This appendix is not a substitute for legal advice. Law changes through court decisions and legislation; this reference reflects the state of law as of early 2026. For any specific legal situation, consult a qualified attorney.
A note on the structure of US surveillance law: the United States lacks a comprehensive federal privacy law applicable to all contexts. Instead, privacy and surveillance law derives from multiple sources — constitutional doctrine, federal statutes, state statutes, and common law — that together create a complex and incomplete framework with significant gaps.
Section 1: US Constitutional Framework
The Fourth Amendment
Text: "The right of the people to be secure in their persons, houses, papers, and effects, against unreasonable searches and seizures, shall not be violated, and no Warrants shall issue, but upon probable cause, supported by Oath or affirmation, and particularly describing the place to be searched, and the persons or things to be seized."

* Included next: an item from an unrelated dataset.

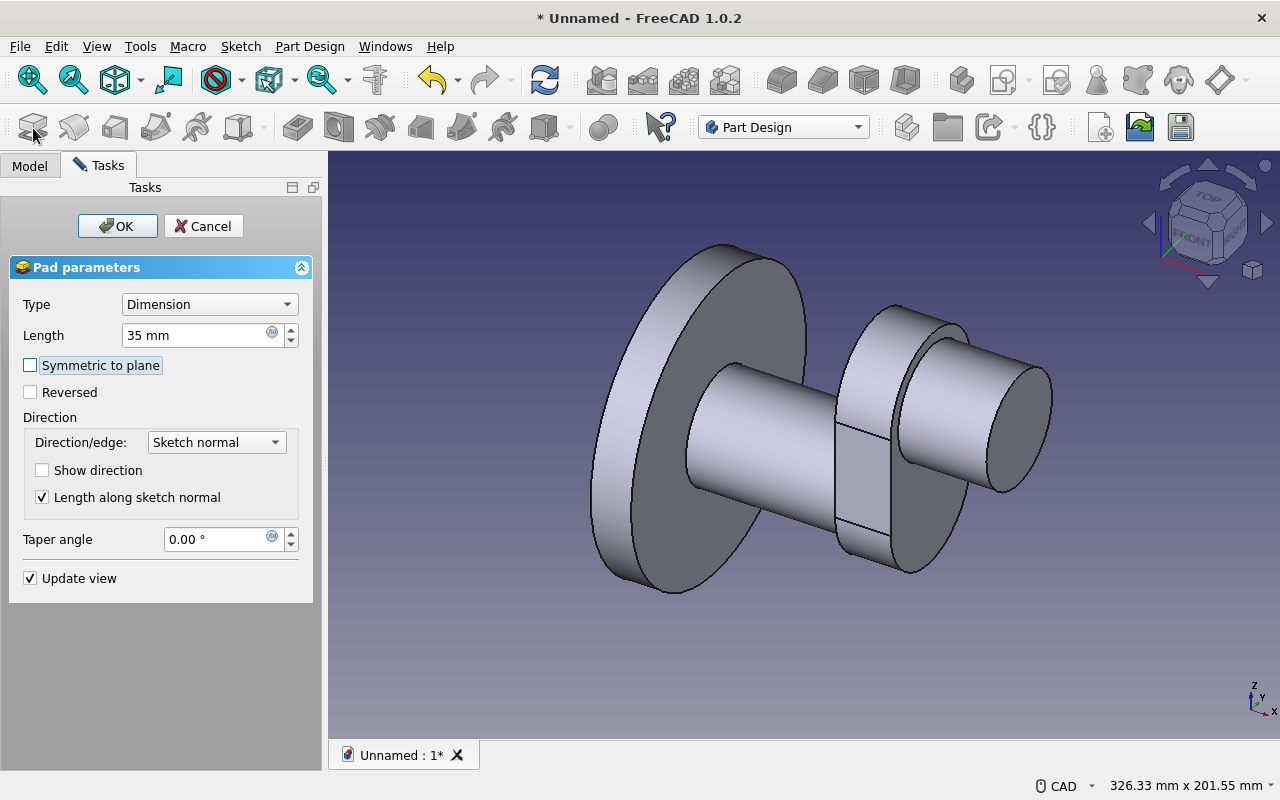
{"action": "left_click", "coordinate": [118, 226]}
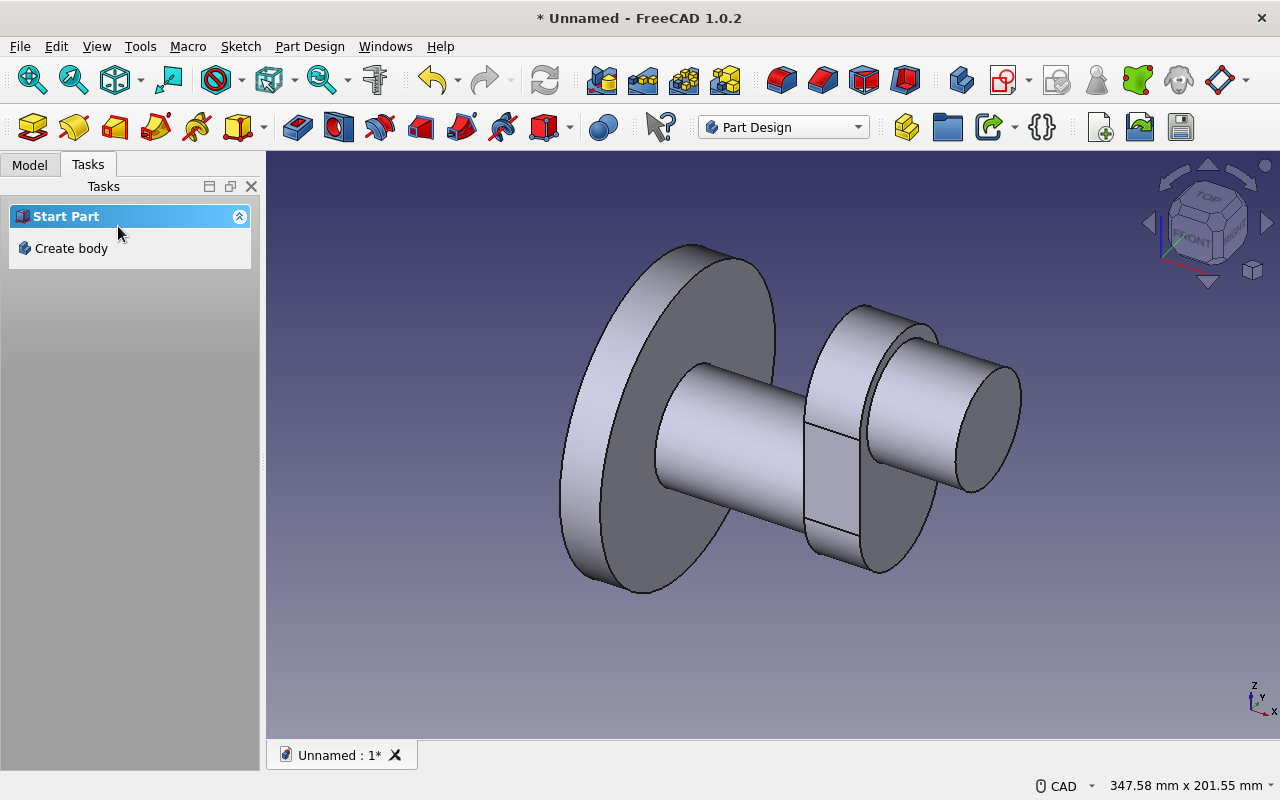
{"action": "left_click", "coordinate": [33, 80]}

What It Does: The Fourth Amendment protects against unreasonable government searches and seizures. It applies to government actors (law enforcement, government agencies) and generally does not apply to private actors (corporations, private employers).
Key Doctrines:
Reasonable Expectation of Privacy (REP): Derived from Justice Harlan's concurrence in Katz v. United States (1967), the REP test asks whether: (1) the individual subjectively expected privacy in the object of the search, and (2) society recognizes that expectation as reasonable. The REP test replaced the older property-based trespass doctrine that limited Fourth Amendment protection to physical intrusions.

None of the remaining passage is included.